Property Rights at Risk?

 Since we have learned from David Landes about how disastrous deviations from property rights can be for economic development, I was distressed to learn about the dangerous turn occurring in virtual reality.

BusinessWeek tells the story of a lawyer, named Marc Bragg who was expelled from the online game Second Life by the company which runs the game, Linden Lab, which also confiscated his virtual property. Mind you, such virtual property can be sold for real money. His apparently was worth $3200 according to a report in Wired, although he seems to have been able to withdraw $1200.,70909-0.html

Wired explains in a language that I cannot really comprehend:

” But the hacker-like method he used to exploit the auction system may hurt his case. Bragg copied the URL for a legitimate auction, then swapped in the ID number for land not yet up for sale publicly, so there would be no minimum bid and few, if any, competing bidders.”

Over on a web site that covers such issues,

the denizens of Second Life are not sympathetic to the lawyer, but I still worry that the lack of secure property rights might threaten the future prosperity of this virtual world.
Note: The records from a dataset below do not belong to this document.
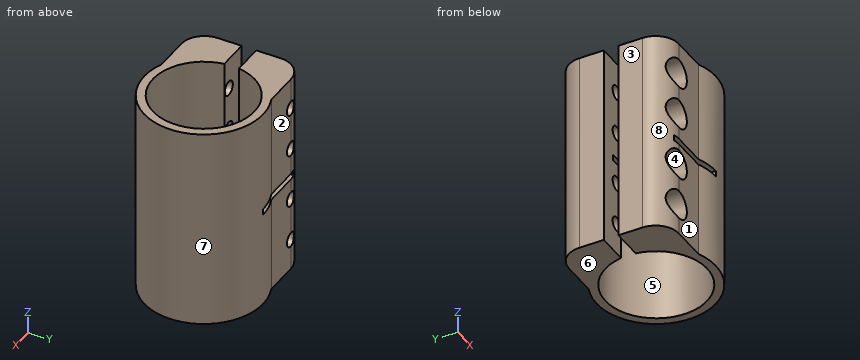
from build123d import *

# Parameters (mm, degrees)
F1_DEPTH       = 35
F3_D           = 5
F3_START       = 1.7550021
F3_CBORE_D     = 10
F3_CBORE_DEPTH = 8
F4_W           = 22.4
F4_H           = 2
F5_DEPTH       = 25


with BuildPart() as f1:
    # F0 (on Top) → F1 (new body, symmetric)
    with BuildSketch(Plane.XY):
        with BuildLine():
            ThreePointArc((-17.3192642082, 2.5086026559), (17.5, 0), (-17.3192642082, -2.5086026559))
            Line((-17.3192642082, -2.5086026559), (-28.1192642082, -2.5086026559))
            Line((-28.1192642082, -2.5086026559), (-28.1192642082, -10.9086026559))
            ThreePointArc((-28.1192642082, -10.9086026559), (-25.7761184577, -16.5654569054), (-20.1192642082, -18.9086026559))
            Line((-20.1192642082, -18.9086026559), (-7.9192642082, -18.9086026559))
            ThreePointArc((-7.9192642082, -18.9086026559), (20.5, 0), (-7.9192642082, 18.9086026559))
            Line((-7.9192642082, 18.9086026559), (-20.1192642082, 18.9086026559))
            ThreePointArc((-20.1192642082, 18.9086026559), (-25.7761184577, 16.5654569054), (-28.1192642082, 10.9086026559))
            Line((-28.1192642082, 10.9086026559), (-28.1192642082, 2.5086026559))
            Line((-28.1192642082, 2.5086026559), (-17.3192642082, 2.5086026559))
        make_face()
    extrude(amount=F1_DEPTH, both=True)

    # F3 (through all)
    # its depths count from where the whole tool has entered the part; down to there all is cleared
    with Locations(Plane.XZ.offset(18.9086026559).offset(-F3_START)):
        with Locations((-20.1192642082, 24.25), (-20.1192642082, 9.25), (-20.1192642082, -9.25), (-20.1192642082, -24.25)):
            CounterBoreHole(F3_D / 2, F3_CBORE_D / 2, F3_CBORE_DEPTH)

    # F4 (on Front) → F5 (cut, symmetric)
    with BuildSketch(Plane.XZ):
        with Locations((-11.2, -1)):
            Rectangle(F4_W, F4_H)
    extrude(amount=F5_DEPTH, both=True, mode=Mode.SUBTRACT)


solid = f1.part
Source: CAD feature listing. Evaluate the final solid. Frame: model axes, mm. Face numbers are marked on the shaded views. A direction names the side the tool comes from. Round coordinates to 2 decimals unless told otherwise and drop trailing zeros. Loops run counter-clockwise (first coordinate to the right, second up) from the corner with the lowest first, then second, coordinate; pieces in that order, holes last.
Q1. Ray query, line 1 (Y direction, x = 0, z = 26.5); line 2 (Z direction, x = -4, y = 19); line 3 (X direction, y = -15, z = -9). Return the intervals inside material, ascending.
Q2. Mould query, pull axis X, two halves, no side actions, for the marked faces 5, 6, 7 and 8. Classes: pulls with the +X half, pulls with the -X half, needs draft (parallel to the pull), parting line crosses it, or undercut.
Q3. Section B-B, the plane z = -10.5. Return loops of the section in (x, y), plus the area to 3 significant figures.
Q4. Access query for the marked faces 1, 2, 3 and 4. Directions: +Z, -Z, +X, -X, +Y, -Y. A direction counts if a zero-diameter tool reaches every point of the face in a straight line with its end or side. Return the directions, or none.
Q5. Section D-D, the plane x = 15.5. Return loops of the section in (y, z).
Q6. First-contact query: P1, Ø8, axis at x = -20.12, z = 24.25, coming from the -Y side; P2, Ø10, axis at x = -10, y = -0.5, coming from the +Z side; P3, Ø3, axis at x = -4.5, z = -23.5, coming from the -Y side; P4, Ø8, axis at x = -20.12, z = 9.25, coming from the +Y side. Flat tips, straight axial feed; report the tip coordinate or a pass-through.
Q7. Section C-C, the plane x = -4. Return loops of the section in (y, z).
Q8. Section A-A, the plane y = -12.5. Return loops of the section in (x, z).
Solutions:
1. line 1: y = -20.5 to -17.5, 17.5 to 20.5
1. line 2: z = -35 to -2, 0 to 35
1. line 3: x = -26.99 to -25.11, -15.13 to -9.01, 9.01 to 13.97
2. face 5: undercut
2. face 6: needs draft
2. face 7: parting line crosses it
2. face 8: pulls with the -X half
3. outline: (-28.12, -10.91) arc R8 ccw to (-24.96, -17.28) - (-24.96, -9.15) - (-22.28, -9.15) - (-22.28, -2.51) - (-28.12, -2.51) - close; (-28.12, 2.51) - (-22.28, 2.51) - (-22.28, 18.61) arc R8 ccw to (-28.12, 10.91) - close; (-17.95, -9.15) - (-15.28, -9.15) - (-15.28, -18.91) - (-7.92, -18.91) arc R20.5 ccw (long way) to (-7.92, 18.91) - (-17.95, 18.91) - (-17.95, 2.51) - (-17.32, 2.51) arc R17.5 cw (long way) to (-17.32, -2.51) - (-17.95, -2.51) - close
3. area: 506 mm2
4. face 1: +Z, -Z, -X, -Y
4. face 2: +Z, -Z, -X, +Y
4. face 3: +Z, -Z, -X, +Y, -Y
4. face 4: -Y
5. outline: (-13.42, -35) - (-8.12, -35) - (-8.12, 35) - (-13.42, 35) - close; (8.12, -35) - (13.42, -35) - (13.42, 35) - (8.12, 35) - close
6. P1: stops at y = -9.15
6. P2: passes through
6. P3: stops at y = -20.28
6. P4: stops at y = 18.91
7. outline: (-20.11, -35) - (-17.04, -35) - (-17.04, -2) - (-20.11, -2) - close; (-20.11, 0) - (-17.04, 0) - (-17.04, 35) - (-20.11, 35) - close; (17.04, -35) - (20.11, -35) - (20.11, -2) - (17.04, -2) - close; (17.04, 0) - (20.11, 0) - (20.11, 35) - (17.04, 35) - close
8. outline: (-27.96, -35) - (-12.25, -35) - (-12.25, -2) - (-22.4, -2) - (-22.4, 0) - (-12.25, 0) - (-12.25, 35) - (-27.96, 35) - close; (12.25, -35) - (16.25, -35) - (16.25, 35) - (12.25, 35) - close; hole circle Ø10 at (-20.12, -24.25); hole circle Ø10 at (-20.12, -9.25); hole circle Ø10 at (-20.12, 9.25); hole circle Ø10 at (-20.12, 24.25)

McConnon, Aili. 2006. “Virtual World, Real Courtroom.” Business Week (16 October): p. 13.

“A property dispute in Second Life, the online universe where more than 800,000 “residents” socialize and invest real money in virtual land, businesses, and products, has wound up in a bricks-and-mortar court in Pennsylvania. In the first lawsuit against Linden Lab, which owns Second Life, Marc Bragg, a former SL denizen, filed a case in a county Court of Common Pleas, contending that Linden Lab wrongly canceled a virtual land purchase he made earlier this year, keeping $2,000 of his investment and expelling him from SL in a dispute over whether he violated auction rules. He wants his money back, his membership reinstated, and punitive damages.”